Innate immune responses are the first line of defense against sexually transmitted diseases (STDs). Initiation of the innate response is based upon recognition of pathogen-associated molecular patterns by host proteins known as toll-like receptors (TLRs). TLR agonists have been identified and have been utilized for modulation of immune responses in humans in the context of vaccine adjuvants. In this project, we propose to test the hypothesis that TLR agonists will prove to be a novel class of topical microbicides providing protection against STDs. Topical microbicides are products designed to protect against STDs. Used vaginally or rectally, microbicides offer women the advantage that they may be "female-controlled". The term microbicide implies that the product kills microorganisms; this is somewhat misleading since microbicides may work in a variety of ways including disrupting the pathogen's membrane or envelope, blocking the receptor-ligand interactions essential for infectivity, inhibiting the intra- or extra-cellular replication of the pathogen, or by altering the vaginal environment or enhancing local immune responses to reduce susceptibility.
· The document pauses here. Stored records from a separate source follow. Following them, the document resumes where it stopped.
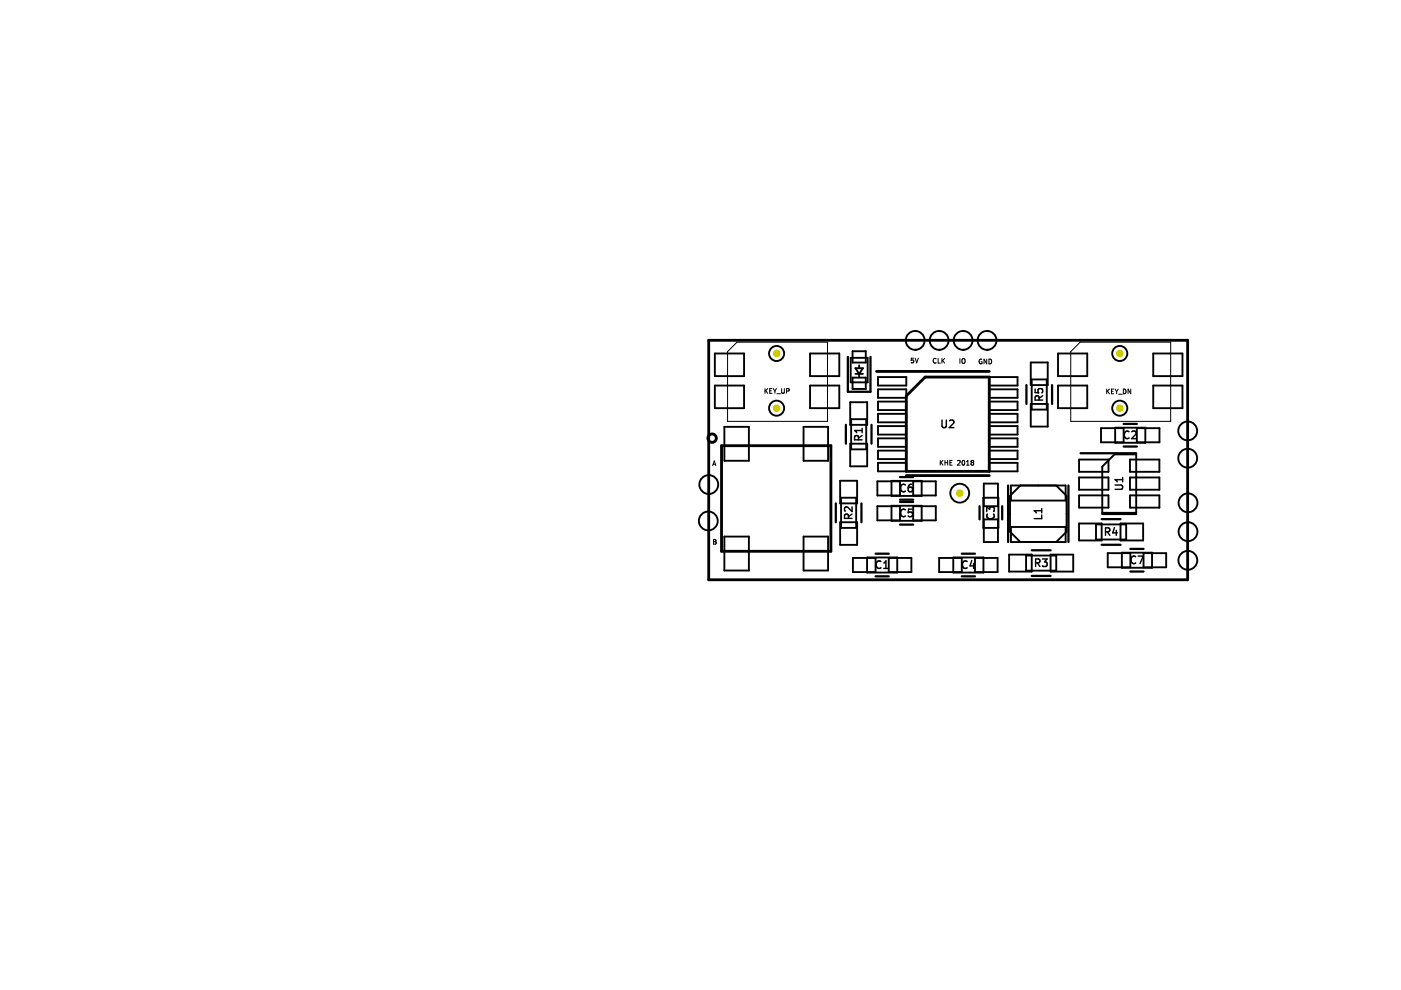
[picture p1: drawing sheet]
<svg xmlns="http://www.w3.org/2000/svg" width="297mm" height="210mm" viewBox="0 0 297 210" stroke-linecap="round" stroke-linejoin="round" font-family="sans-serif">
<g fill="none" stroke="#000" stroke-width=".21">
<path d="M154.3 74.5l2-1.9h19.1v16.7h-21.1zM193.7 75.9h-.5v.5h.5v.4h-.5M194 75.9l.4 1 .3-1M198.4 76a.45 .45 0 0 0-.6 .5 .45 .45 0 0 0 .7 .4M198.4 76l.1 .1M198.9 76v1h.5M199.7 76v1M199.9 76.4l.4 .6M200.3 76l-.6 .6M203.5 76v1M204 76.2l.2-.2 .4 .2v.5l-.1 .3-.5-.1zM208.2 76.2a.45 .45 0 0 0-.6 .5 .45 .45 0 0 0 .6 .3v-.3h-.2"/>
<path d="M209.2 76.1v1l-.6-1v1M209.7 76.1a.5 .5 0 0 1 .6 .5 .5 .5 0 0 1-.6 .5zM227 74.5l2-1.9h19.2v16.7h-21.2zM151.1 98.7l.3-1 .4 1M151.2 98.4h.5M162.2 82.4v1M162.3 82.8l.5 .6M162.8 82.4l-.6 .6M163.2 82.9h.3M163.7 82.4h-.5v1h.5M164 82.4l.3 .5M164.3 82.9v.5"/>
<path d="M164.6 82.4l-.3 .5M164.7 83.5h.8M165.7 82.4v.8l.2 .2 .4-.2v-.8M166.8 82.9h.4l.1-.4-.5-.1v1M199.4 97.6v1M199.5 98l.4 .6M199.9 97.6l-.5 .6M200.4 97.6v1M200.4 98.1h.5M200.9 97.6v1M201.4 98.1h.3M201.9 97.6h-.5v1h.5"/>
<path d="M203 97.7l.4-.1 .2 .3-.6 .7h.6M204.1 97.7l.1-.1a.49 .49 0 0 1 .4 .5 .49 .49 0 0 1-.5 .5l-.1-.4zM204.9 98.6h.6M204.9 97.9l.3-.3v1M206.1 98l-.2 .2 .2 .4 .3-.2-.1-.4M206.1 98l-.2-.1 .2-.3 .3 .2-.1 .2M206.1 98h.2M234.7 82.5v1M234.8 82.9l.4 .6M235.2 82.5l-.5 .6M235.6 83h.4M236.1 82.5h-.5v1h.5"/>
<path d="M236.4 82.5l.3 .5M236.7 83v.5M237.1 82.5l-.4 .5M237.2 83.6h.7M238.2 82.5a.5 .5 0 0 1 .5 .5 .5 .5 0 0 1-.5 .5zM239.7 82.5v1l-.5-1v1M151.3 114.4h.3l.2 .2-.2 .3 .3 .3-.2 .2h-.4zM151.3 114.9h.3"/>
</g>
<g fill="none" stroke="#000" stroke-width=".6">
<path d="M150.3 72.2h101.5v50.7h-101.5zM185.9 78.7h23.8M196.1 79.9h13.6v20h-17.5v-16zM153 94.5h23.2v22.4h-23.2zM192.2 100.8h17.5"/>
<circle cx="151" cy="92.9" r=".89"/>
</g>
<g fill="none" stroke="#000" stroke-width=".4">
<path d="M151.6 74.9h6.2v4.8h-6.2zM171.7 74.9h6.2v4.8h-6.2zM180.4 75.9h3.6v5.2h-3.6zM180.8 74.5h2.8v2.4h-2.8zM181.4 78.1h1.6l-.8 1.2zM181.4 79.3h1.6M182.2 77.5v.6M182.2 79.3v.6M186.2 79.9h6v1.8h-6zM209.7 79.9h6v1.8h-6zM218.5 76.9h3.6v4.7h-3.6zM224.3 74.9h6.2v4.8h-6.2z"/>
<path d="M244.5 74.9h6.2v4.8h-6.2zM151.6 81.7h6.2v4.8h-6.2zM153.6 90.5h5.2v7.2h-5.2zM170.4 90.5h5.2v7.2h-5.2zM171.7 81.7h6.2v4.8h-6.2zM180.3 85.3h3.6v4.8h-3.6zM180.3 94.1h3.6v4.8h-3.6zM180.5 88.9h3.2v6.4h-3.2zM180.8 80.1h2.8v2.4h-2.8zM186.2 82.5h6v1.8h-6zM186.2 85.1h6v1.8h-6zM186.2 87.7h6v1.8h-6z"/>
<path d="M186.2 90.3h6v1.8h-6zM186.2 92.9h6v1.8h-6zM186.2 95.5h6v1.8h-6zM186.2 98.1h6v1.8h-6zM209.7 82.5h6v1.8h-6zM209.7 85.1h6v1.8h-6zM209.7 87.7h6v1.8h-6zM209.7 90.3h6v1.8h-6zM209.7 92.9h6v1.8h-6zM209.7 95.5h6v1.8h-6zM209.7 98.1h6v1.8h-6zM218.5 85.6h3.6v4.8h-3.6z"/>
<path d="M218.7 80.4h3.2v6.4h-3.2zM224.3 81.7h6.2v4.8h-6.2zM228.8 97.4h6.2v2.6h-6.2zM233.4 90.8h4.8v3h-4.8zM233.7 98.9l2.6-2.6h4.6v12.4h-7.2zM236.4 90.7h6.4v3.2h-6.4zM239.6 97.4h6.2v2.6h-6.2zM241 90.8h4.8v3h-4.8zM244.5 81.7h6.2v4.8h-6.2zM153.6 113.8h5.2v7.2h-5.2zM170.4 113.8h5.2v7.2h-5.2zM178.1 101.9h3.6v4.8h-3.6z"/>
<path d="M178.1 110.7h3.6v4.8h-3.6zM178.3 105.5h3.2v6.4h-3.2zM180.8 118.3h4.8v3h-4.8zM183.8 118.2h6.4v3.2h-6.4zM186 107.3h4.8v3h-4.8zM186 102.1h4.8v2.9h-4.8zM188.4 118.3h4.8v3h-4.8zM189 102h6.4v3.1h-6.4zM189 107.2h6.4v3.2h-6.4zM193.6 107.3h4.8v3h-4.8zM193.6 102.1h4.8v2.9h-4.8zM199.1 118.3h4.8v3h-4.8z"/>
<path d="M202.1 118.2h6.4v3.2h-6.4zM206.7 118.3h4.8v3h-4.8zM208.5 105.5h3.2v6.4h-3.2zM208.6 102.5h3v4.8h-3zM208.6 110.1h3v4.8h-3zM214 117.6h4.7v3.6h-4.7zM214.3 111.7h11.6v3.2h-11.6zM214.3 102.9h11.6v3.2h-11.6zM216.3 102.9l-2.2 2.2v7.6l2.2 2.2M217.5 117.8h6.4v3.2h-6.4zM222.7 117.6h4.8v3.6h-4.8zM223.9 102.9l2.2 2.2v7.6l-2.2 2.2"/>
<path d="M228.8 111h4.8v3.6h-4.8zM228.8 105h6.2v2.6h-6.2zM228.8 101.2h6.2v2.6h-6.2zM232.4 111.2h6.4v3.2h-6.4zM234.9 117.3h4.8v3h-4.8zM237.6 111h4.8v3.6h-4.8zM237.9 117.2h6.4v3.2h-6.4zM239.6 101.2h6.2v2.6h-6.2zM239.6 105h6.2v2.6h-6.2zM242.5 117.3h4.8v3h-4.8z"/>
<circle cx="164.7" cy="74.9" r="1.6"/>
<circle cx="194" cy="72.2" r="2"/>
<circle cx="199.1" cy="72.2" r="2"/>
<circle cx="204.2" cy="72.2" r="2"/>
<circle cx="209.3" cy="72.2" r="2"/>
<circle cx="237.4" cy="74.9" r="1.6"/>
<circle cx="164.7" cy="86.5" r="1.6"/>
<circle cx="237.4" cy="86.5" r="1.6"/>
<circle cx="251.8" cy="91.4" r="2"/>
<circle cx="251.8" cy="97.2" r="2"/>
<circle cx="150.2" cy="110.5" r="2"/>
<circle cx="150.3" cy="102.7" r="2"/>
<circle cx="203.5" cy="104.6" r="2"/>
<circle cx="251.8" cy="118.8" r="2"/>
<circle cx="251.9" cy="106.6" r="2"/>
<circle cx="251.9" cy="112.7" r="2"/>
</g>
<g fill="none" stroke="#000" stroke-width=".3">
<path d="M182 93.3l-.1-.8-.2-.2-.4 .1-.1 .2v.7h1.6M182.8 91.3h-1.6l.4 .4M182.8 92.3l-.8 .6M182.8 90.8v.9M199.7 89.1v1.3l.3 .3 .5-.1 .1-.2v-1.3M201.3 89.2l.6-.1 .3 .4-.9 1.2h.9M219.5 82.5v.7l.7 .1-.1-.2v-.6l.3-.1 .5 .1 .2 .2-.2 .6M220.3 84.8l-.1-.7-.2-.2-.4 .1-.1 .2v.6h1.6M221.1 83.9l-.8 .5M239.4 91.6a.76 .76 0 0 0-1.1 .5 .76 .76 0 0 0 .8 .9l.3-.2M240 91.6l.6-.2 .3 .5-1 1.1h1M179.9 109.9l-.1-.8-.2-.1-.4 .1-.1 .2v.6h1.5"/>
<path d="M180.6 107.5v1l-1.1-1-.4 .3 .1 .6M180.6 109l-.7 .5M186.8 119.1a.76 .76 0 0 0-1.1 .5 .76 .76 0 0 0 .8 .9l.3-.1M187.4 119.4l.4-.5v1.6M191.9 108.1a.76 .76 0 0 0-1 .5 .76 .76 0 0 0 .7 1l.3-.2M191.9 102.8a.76 .76 0 0 0-1 .6 .76 .76 0 0 0 .7 .9l.3-.2M193.3 102.7l-.4 .1a1.08 1.08 0 0 0 0 1.5l.5-.2 .1-.5-.3-.3-.5 .1-.1 .2M193.4 108h-.8v.7l.2-.1h.5l.2 .3-.1 .5-.2 .2-.6-.2M205 119.1a.76 .76 0 0 0-1 .5 .76 .76 0 0 0 .7 .9l.3-.1M206 118.8l-.3 1.2h.9M206.4 119.5v1M209.2 108.5v-1l.6 .5 .2-.5h.7l.1 .3-.1 .7"/>
<path d="M209.4 109a.76 .76 0 0 0 .5 1 .76 .76 0 0 0 .9-.7l-.1-.3M219.6 119.4l.7-.1 .2-.3-.1-.3-.2-.2h-.6v1.6M219.9 119.4l.6 .7M220.9 109.2v.8h-1.6M220.9 107.8v.9M220.9 108.3h-1.6l.4 .4M221 118.5h1l-.5 .6 .4 .2v.7l-.2 .1-.7-.1M234.4 112.8l.8-.1 .1-.3-.1-.3-.2-.2h-.6v1.6M234.8 112.8l.5 .7M236.3 111.8l-.4 1.2h1M236.4 102.8h1.3l.3 .3-.1 .5-.2 .2h-1.3M236.7 112.4v1.1"/>
<path d="M238 101.2v1M238 101.7h-1.6l.5 .5M240.8 118.1a.76 .76 0 0 0-1.1 .5 .76 .76 0 0 0 .8 .9l.3-.1M241.3 117.9h1.1l-.7 1.6M187.4 120.5h.9"/>
</g>
<g fill="none" stroke="#000" stroke-width=".48">
<path d="M179.8 75.7v7.4h4.8v-7.4M179.3 90.1v4M184.8 90.1v4M217.6 81.6v4M223.1 81.6v4M229.1 96.1h11.8M238.2 94.7h2.8M238.2 89.9h2.8M177.2 106.7v4M182.6 106.7v4M185.6 117.4h2.8M190.8 106.4h2.8"/>
<path d="M190.8 111.2h2.8M190.8 101.2h2.8M190.8 105.9h2.8M203.9 117.4h2.8M207.7 107.3v2.8M212.5 107.3v2.8M213.7 102.9v12M218.7 116.7h4M226.5 102.9v12M233.6 115.5h4M233.6 110.1h4M233.7 109h7.2"/>
<path d="M239.7 116.4h2.8M185.6 122.2h2.8M203.9 122.2h2.8M218.7 122.1h4M239.7 121.2h2.8"/>
</g>
<g fill="#000">
<circle cx="194" cy="70.2" r=".2"/>
<circle cx="194" cy="74.2" r=".2"/>
<circle cx="199.1" cy="74.2" r=".2"/>
<circle cx="199.1" cy="70.2" r=".2"/>
<circle cx="204.2" cy="70.2" r=".2"/>
<circle cx="204.2" cy="74.2" r=".2"/>
<circle cx="209.3" cy="74.2" r=".2"/>
<circle cx="209.3" cy="70.2" r=".2"/>
<circle cx="251.8" cy="95.2" r=".2"/>
<circle cx="251.8" cy="93.4" r=".2"/>
<circle cx="251.8" cy="89.4" r=".2"/>
<circle cx="251.8" cy="99.2" r=".2"/>
<circle cx="150.2" cy="112.5" r=".2"/>
<circle cx="150.2" cy="108.5" r=".2"/>
<circle cx="150.3" cy="104.7" r=".2"/>
<circle cx="150.3" cy="100.7" r=".2"/>
<circle cx="251.8" cy="116.8" r=".2"/>
<circle cx="251.9" cy="114.7" r=".2"/>
<circle cx="251.9" cy="108.6" r=".2"/>
<circle cx="251.9" cy="110.7" r=".2"/>
<circle cx="251.9" cy="104.6" r=".2"/>
<circle cx="251.8" cy="120.8" r=".2"/>
</g>
<g fill="#cdca00" stroke="#cdca00" stroke-width=".21">
<circle cx="164.7" cy="86.5" r=".7"/>
<circle cx="164.7" cy="74.9" r=".7"/>
<circle cx="237.4" cy="86.5" r=".7"/>
<circle cx="237.4" cy="74.9" r=".7"/>
<circle cx="203.5" cy="104.6" r=".7"/>
</g>
</svg>

As proof of concept, we have established the utility of a TLR9 agonist as a microbicide that is effective against HSV-2 genital infections in mice and guinea pig models. This microbicide candidate was effective when applied as a single intravaginal dose within the time frame of 2d prior through 6h after vaginal challenge with HSV-2. To extend our findings and test our hypothesis, in Aim 1 we will determine the typical pattern of TLR gene expression in human vaginal and cervical epithelial cells and select a set of TLR agonists that target the commonly expressed TLRs that then will be assessed for activity in primary cultures of these cells against HSV-2 and C. trachomatis infection. TLR agonists will be prioritized for evaluation based on the in vitro results and then will be evaluated for microbicide potential in mouse models of HSV-2 and C. trachomatis vaginal infections in Aim 2. Those compounds that show greatest microbicide potential will be evaluated mechanistically in Aim 3. Completion of the studies will provide substantial information about the innate immune responses of the vaginal mucosa and will identify TLR agonist microbicide candidates.

先天免疫反应是抵抗性传播疾病（STD）的第一道防线。 先天性应答的启动是基于被称为toll样受体（TLR）的宿主蛋白对病原体相关分子模式的识别。TLR激动剂已被鉴定并已在疫苗佐剂的情况下用于调节人的免疫应答。在这个项目中，我们建议测试的假设，TLR激动剂将被证明是一种新型的局部杀微生物剂提供保护，防止性病。局部杀微生物剂是旨在预防性病的产品。用于阴道或直肠的杀微生物剂为妇女提供了一个优势，即它们可能是"女性控制的"。 术语杀微生物剂意味着该产品杀死微生物;这有点误导，因为杀微生物剂可能以多种方式起作用，包括破坏病原体的膜或包膜，阻断感染性所必需的受体-配体相互作用，抑制病原体的细胞内或细胞外复制，或通过改变阴道环境或增强局部免疫反应来降低易感性。作为概念证明，我们已经建立了TLR9激动剂作为杀微生物剂的效用，其在小鼠和豚鼠模型中有效对抗HSV-2生殖器感染。该杀微生物剂候选物在用HSV-2阴道激发后2天至6小时的时间范围内作为单次阴道内剂量施用时有效。为了扩展我们的发现并检验我们的假设，在目标1中，我们将确定人阴道和宫颈上皮细胞中TLR基因表达的典型模式，并选择一组靶向通常表达的TLR的TLR激动剂，然后评估这些细胞的原代培养物中抗HSV-2和C的活性。沙眼感染TLR激动剂将根据体外结果优先进行评价，然后在HSV-2和C小鼠模型中评价杀微生物剂潜力。目的2.沙眼阴道感染。目标3将对那些显示出最大杀微生物潜力的化合物进行机理评价。这些研究的完成将提供有关阴道粘膜先天免疫应答的大量信息，并将鉴定TLR激动剂杀微生物剂候选物。